El hombre usa un lenguaje para comunicarse, pero desde ese punto ya no es del todo libre, se puede ser más libre solo en la libertad del pensamiento y en la genialidad de las creaciones de la imaginación. El cineasta Julian Schnabel apuesta por la mariposa que representa el vuelo de la libertad de la ensoñación en su última película, La escafandra y la mariposa, ganadora al premio como Mejor Director del Festival de Cannes en 2007, una de las mejores obras fílmicas de los últimos años, no tanto por la grandilocuencia del tema, sino por la hipersensibilidad que el director utiliza para llevar a la pantalla grande un libro que se enmarca dentro de la literatura francesa contemporánea

El cuerpo humano, ese conjunto de venas y humores, puede de pronto transformarse en una cárcel, en una celda monstruosa, que a su vez podría dar pie a la libertad imaginada, construida con un pasado, amoldada a un presente, con el peligro de desvanecerse en el futuro. En la muerte. Je veux mourir…¿esto es la vida?, piensa para sí mismo Jean Dominique Bauby, protagonista del filme, el ex director en jefe de la revista Elle, luego de sufrir un ataque cerebrovascular que lo conduce al estado del síndrome de cautiverio. Está irremediablemente atrapado en su propio cuerpo, tiene conciencia del mundo exterior, entiende, procesa ideas normalmente, pero no puede moverse ni hablar. Completamente paralizado, lo único que le es útil para comunicarse es su ojo izquierdo: un parpadeo para decir sí y dos para decir no.

La forma cómo está construida la película nos lleva a un recorrido por la introspección de Bauby.
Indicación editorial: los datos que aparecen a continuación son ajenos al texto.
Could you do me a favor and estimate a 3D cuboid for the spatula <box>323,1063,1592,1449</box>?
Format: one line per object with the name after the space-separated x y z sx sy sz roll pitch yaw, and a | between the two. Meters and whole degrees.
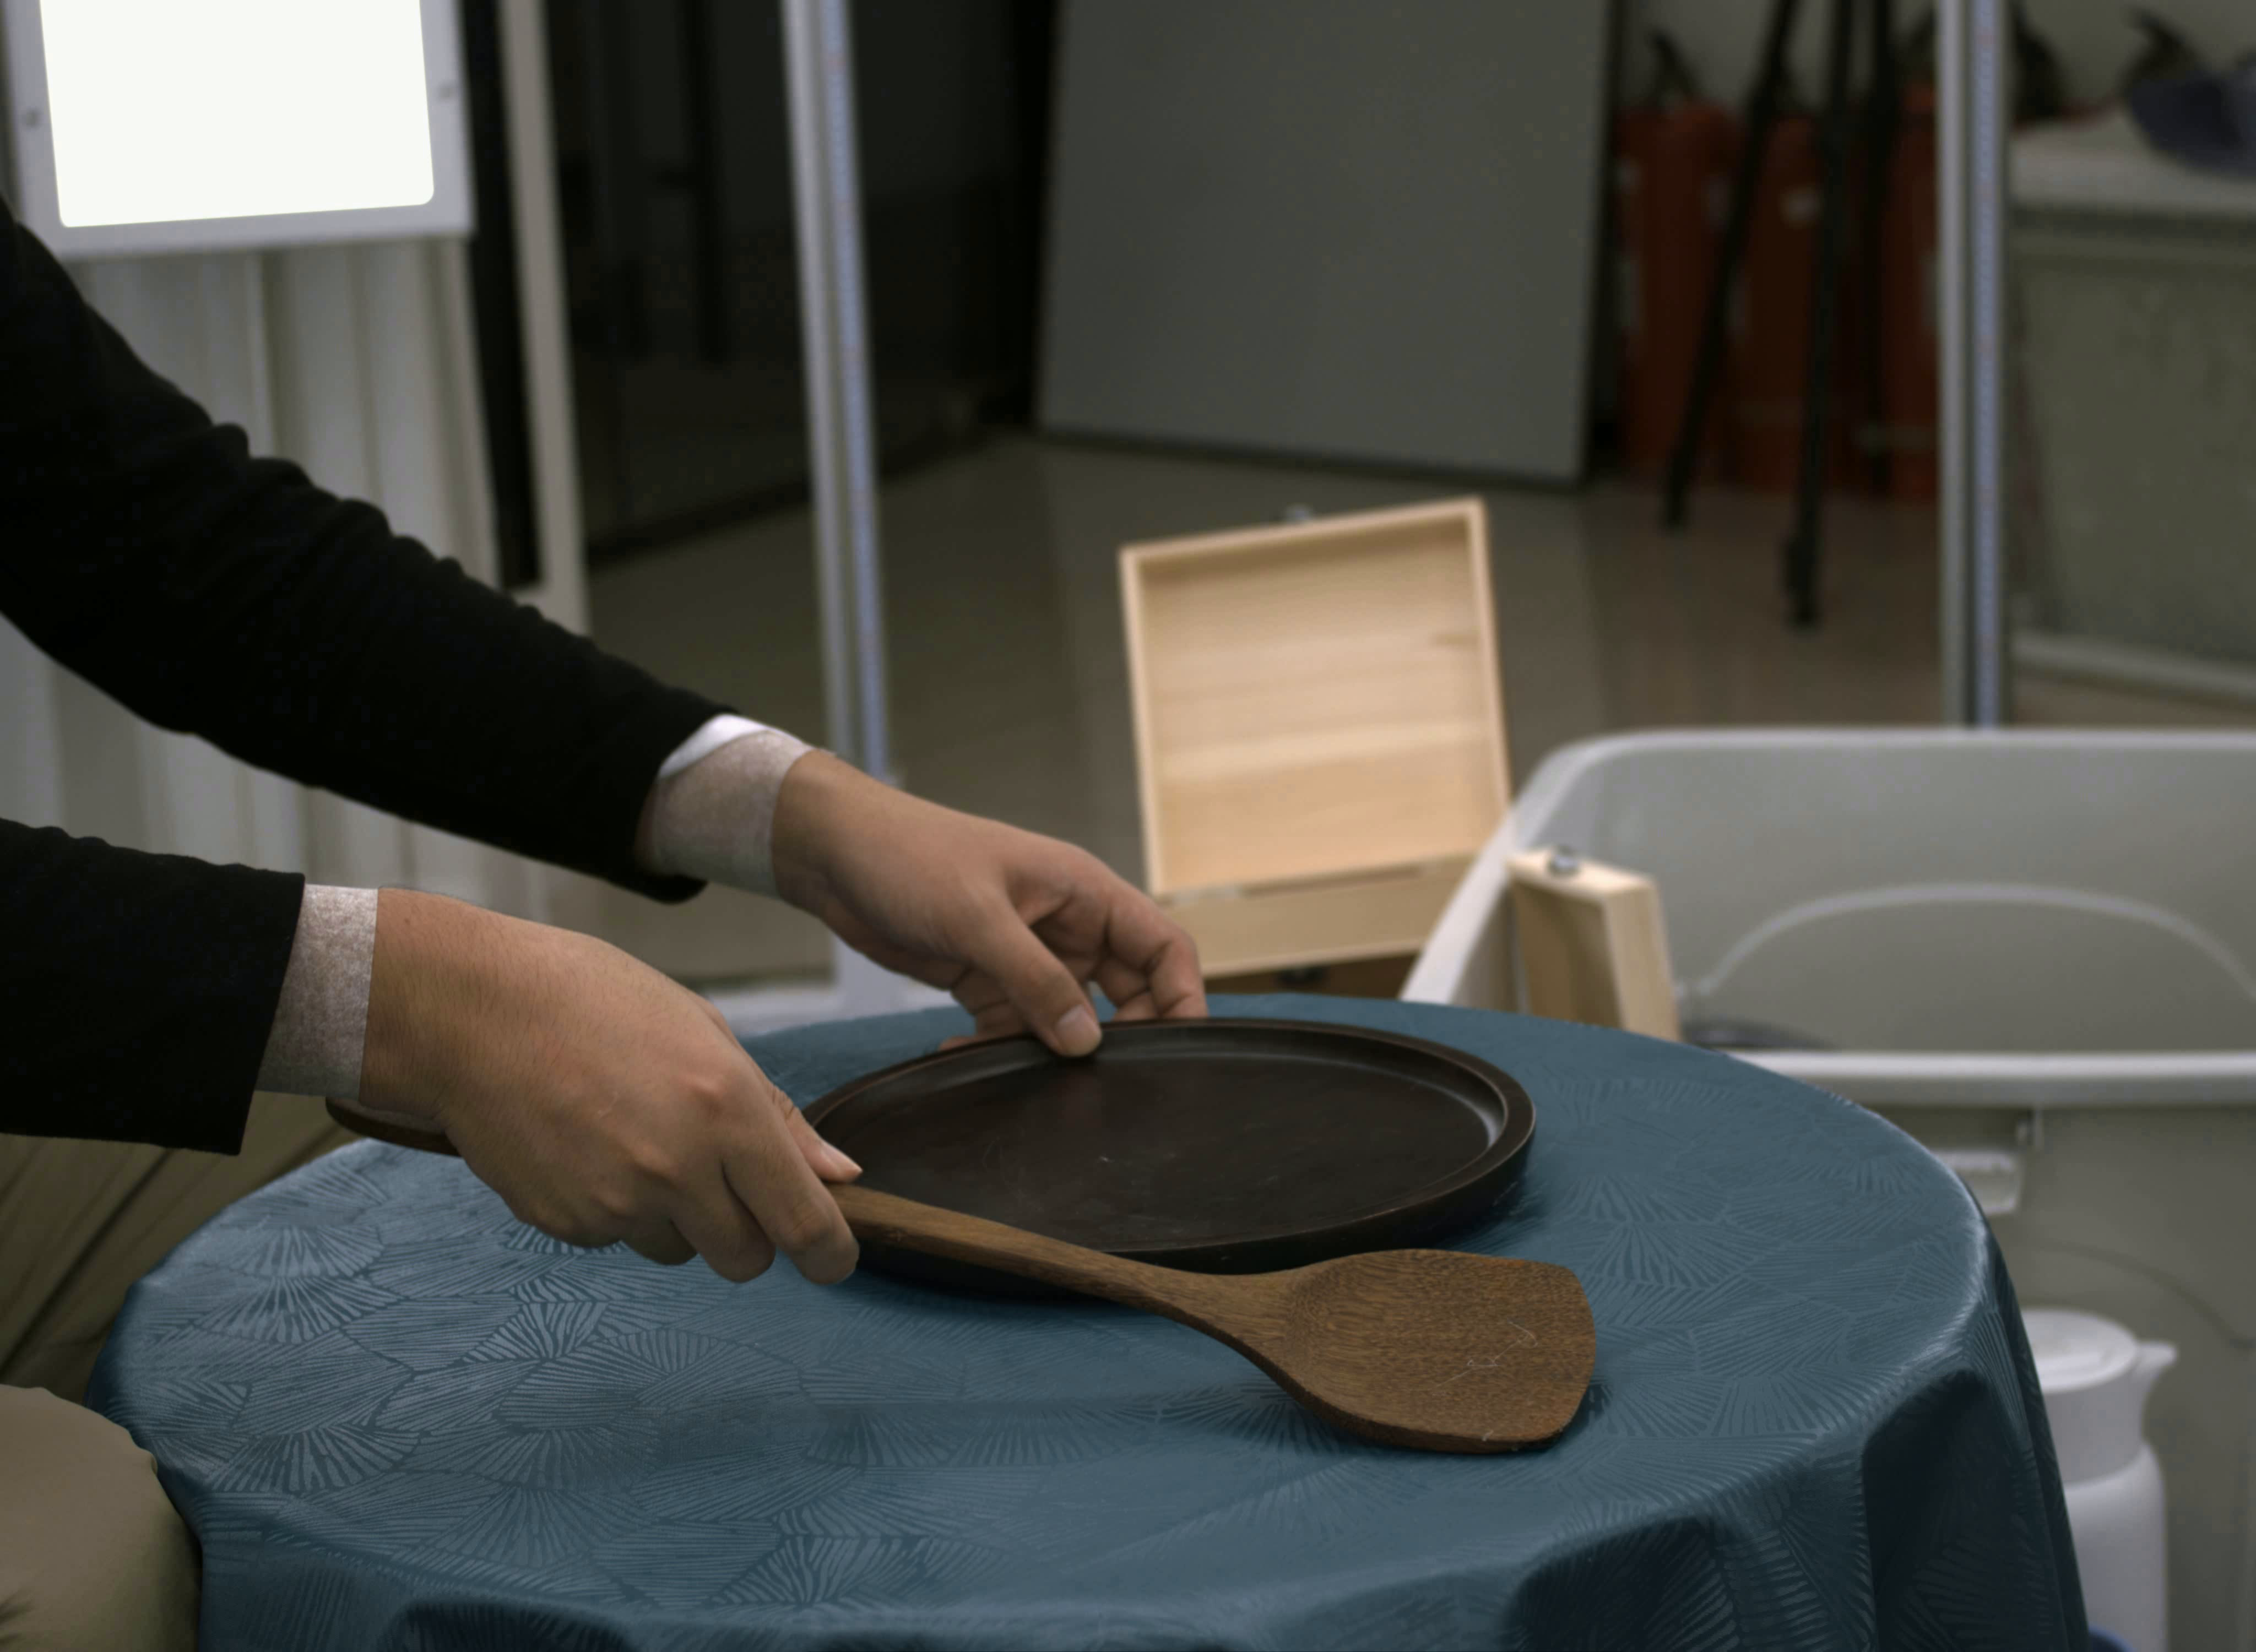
-0.052 0.118 1.575 0.383 0.016 0.096 13 32 8 | spatula

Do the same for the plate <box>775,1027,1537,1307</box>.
0.010 0.109 1.768 0.251 0.029 0.255 -5 15 0 | plate

Desde su enfoque nos muestra su mundo exteriormente silente no obstante caótico. Bauby tiene mucho qué decir aunque ahora esté en una silla de ruedas, lo bañen como a un bebé como él cuenta, o le tengan que limpiar cada tanto la saliva que cae desde sus labios paralizados, tiene mucho qué expresar porque también ha nacido implícita la figura de la mariposa como contraposición de la escafandra que no lo deja ni respirar con libertad.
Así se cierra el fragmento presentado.